**Work item**
Here are the records. Write out exactly the lines between the one holding "27) lamp from (786, 152) to (816, 224)" and the one holding "34) books from (343, 331) to (398, 365)", inclusive.

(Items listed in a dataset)
[Start of section]

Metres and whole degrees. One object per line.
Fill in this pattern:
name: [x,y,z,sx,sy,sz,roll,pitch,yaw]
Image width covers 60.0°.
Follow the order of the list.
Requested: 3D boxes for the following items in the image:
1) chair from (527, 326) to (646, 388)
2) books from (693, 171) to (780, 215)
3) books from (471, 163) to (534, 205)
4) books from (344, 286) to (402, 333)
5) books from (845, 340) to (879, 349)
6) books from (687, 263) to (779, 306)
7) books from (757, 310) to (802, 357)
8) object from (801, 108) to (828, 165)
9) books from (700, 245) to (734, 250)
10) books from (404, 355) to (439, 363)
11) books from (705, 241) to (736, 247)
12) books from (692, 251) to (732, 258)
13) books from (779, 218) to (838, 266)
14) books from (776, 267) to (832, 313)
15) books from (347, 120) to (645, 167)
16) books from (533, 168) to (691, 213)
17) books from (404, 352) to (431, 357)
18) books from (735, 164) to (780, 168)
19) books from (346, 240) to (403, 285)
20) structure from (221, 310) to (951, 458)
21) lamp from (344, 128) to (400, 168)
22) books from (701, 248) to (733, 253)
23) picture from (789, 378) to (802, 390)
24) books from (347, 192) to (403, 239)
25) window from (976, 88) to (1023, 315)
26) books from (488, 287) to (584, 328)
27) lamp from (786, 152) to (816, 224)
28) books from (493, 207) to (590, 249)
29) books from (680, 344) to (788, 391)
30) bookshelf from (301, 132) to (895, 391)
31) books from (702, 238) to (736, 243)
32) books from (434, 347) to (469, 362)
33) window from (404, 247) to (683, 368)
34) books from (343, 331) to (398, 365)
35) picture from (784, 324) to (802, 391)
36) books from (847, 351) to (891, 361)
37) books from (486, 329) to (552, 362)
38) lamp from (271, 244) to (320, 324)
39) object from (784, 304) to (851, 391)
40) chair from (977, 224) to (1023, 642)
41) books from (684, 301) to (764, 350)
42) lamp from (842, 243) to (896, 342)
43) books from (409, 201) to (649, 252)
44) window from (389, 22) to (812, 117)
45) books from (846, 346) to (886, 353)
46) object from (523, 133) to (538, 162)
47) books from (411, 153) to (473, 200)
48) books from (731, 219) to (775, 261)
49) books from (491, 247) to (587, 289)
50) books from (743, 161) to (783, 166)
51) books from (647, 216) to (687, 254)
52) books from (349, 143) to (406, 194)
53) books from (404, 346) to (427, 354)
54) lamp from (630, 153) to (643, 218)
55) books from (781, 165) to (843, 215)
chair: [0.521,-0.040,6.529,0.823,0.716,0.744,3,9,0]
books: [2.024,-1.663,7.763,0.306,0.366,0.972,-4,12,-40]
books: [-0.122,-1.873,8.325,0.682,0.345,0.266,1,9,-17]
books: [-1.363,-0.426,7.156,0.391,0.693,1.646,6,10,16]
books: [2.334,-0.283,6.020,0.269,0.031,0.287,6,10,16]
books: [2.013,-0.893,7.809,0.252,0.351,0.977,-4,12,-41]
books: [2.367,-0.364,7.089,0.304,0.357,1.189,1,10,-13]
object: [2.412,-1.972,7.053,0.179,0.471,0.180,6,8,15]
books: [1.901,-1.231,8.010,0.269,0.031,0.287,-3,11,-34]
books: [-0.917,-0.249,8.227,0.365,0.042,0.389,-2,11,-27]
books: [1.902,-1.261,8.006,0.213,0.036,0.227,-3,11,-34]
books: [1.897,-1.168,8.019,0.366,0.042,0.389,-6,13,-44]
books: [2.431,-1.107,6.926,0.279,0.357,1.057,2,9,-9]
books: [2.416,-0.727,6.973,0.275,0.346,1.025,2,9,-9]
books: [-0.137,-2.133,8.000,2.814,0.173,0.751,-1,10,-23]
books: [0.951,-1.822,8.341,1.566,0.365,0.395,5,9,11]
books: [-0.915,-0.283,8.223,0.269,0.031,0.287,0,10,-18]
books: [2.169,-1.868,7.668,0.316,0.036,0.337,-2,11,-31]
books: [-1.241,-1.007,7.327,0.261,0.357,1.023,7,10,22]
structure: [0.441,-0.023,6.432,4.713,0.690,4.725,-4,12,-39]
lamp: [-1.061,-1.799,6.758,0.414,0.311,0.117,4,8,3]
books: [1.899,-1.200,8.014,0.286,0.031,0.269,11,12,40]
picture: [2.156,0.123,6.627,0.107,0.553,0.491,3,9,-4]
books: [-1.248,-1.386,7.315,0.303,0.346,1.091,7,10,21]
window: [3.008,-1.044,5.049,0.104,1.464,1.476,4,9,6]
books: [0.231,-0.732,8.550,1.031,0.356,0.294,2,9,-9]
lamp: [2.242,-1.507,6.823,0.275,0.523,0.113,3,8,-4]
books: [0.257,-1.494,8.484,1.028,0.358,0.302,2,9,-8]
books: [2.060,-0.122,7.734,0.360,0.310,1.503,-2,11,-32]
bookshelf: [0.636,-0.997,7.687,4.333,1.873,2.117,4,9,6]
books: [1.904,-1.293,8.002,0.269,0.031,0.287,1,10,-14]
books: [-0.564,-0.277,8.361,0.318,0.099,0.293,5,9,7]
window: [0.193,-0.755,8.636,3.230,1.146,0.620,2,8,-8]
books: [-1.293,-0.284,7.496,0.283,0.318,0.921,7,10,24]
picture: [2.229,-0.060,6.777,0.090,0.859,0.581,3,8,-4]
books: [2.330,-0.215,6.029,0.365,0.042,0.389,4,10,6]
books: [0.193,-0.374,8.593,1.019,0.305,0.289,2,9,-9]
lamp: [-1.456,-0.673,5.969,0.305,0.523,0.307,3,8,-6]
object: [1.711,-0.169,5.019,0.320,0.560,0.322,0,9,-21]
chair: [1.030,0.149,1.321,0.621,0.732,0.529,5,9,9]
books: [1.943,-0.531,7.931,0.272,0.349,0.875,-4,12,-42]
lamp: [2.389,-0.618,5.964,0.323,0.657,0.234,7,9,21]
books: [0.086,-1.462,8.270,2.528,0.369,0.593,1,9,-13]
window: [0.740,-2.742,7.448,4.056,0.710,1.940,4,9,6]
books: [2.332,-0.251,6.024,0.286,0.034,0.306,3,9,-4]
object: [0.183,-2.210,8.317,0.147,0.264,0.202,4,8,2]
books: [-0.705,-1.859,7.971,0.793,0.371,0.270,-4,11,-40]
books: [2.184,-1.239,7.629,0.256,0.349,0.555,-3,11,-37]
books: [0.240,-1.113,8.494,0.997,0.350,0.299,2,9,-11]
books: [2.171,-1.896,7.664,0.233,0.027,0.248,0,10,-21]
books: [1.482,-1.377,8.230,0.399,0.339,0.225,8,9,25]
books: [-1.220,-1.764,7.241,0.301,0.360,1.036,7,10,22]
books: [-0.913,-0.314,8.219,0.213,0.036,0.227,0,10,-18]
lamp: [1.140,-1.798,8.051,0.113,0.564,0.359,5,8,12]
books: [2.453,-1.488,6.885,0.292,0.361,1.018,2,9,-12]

[End of section]

**Answer to this task**
27) lamp from (786, 152) to (816, 224)
28) books from (493, 207) to (590, 249)
29) books from (680, 344) to (788, 391)
30) bookshelf from (301, 132) to (895, 391)
31) books from (702, 238) to (736, 243)
32) books from (434, 347) to (469, 362)
33) window from (404, 247) to (683, 368)
34) books from (343, 331) to (398, 365)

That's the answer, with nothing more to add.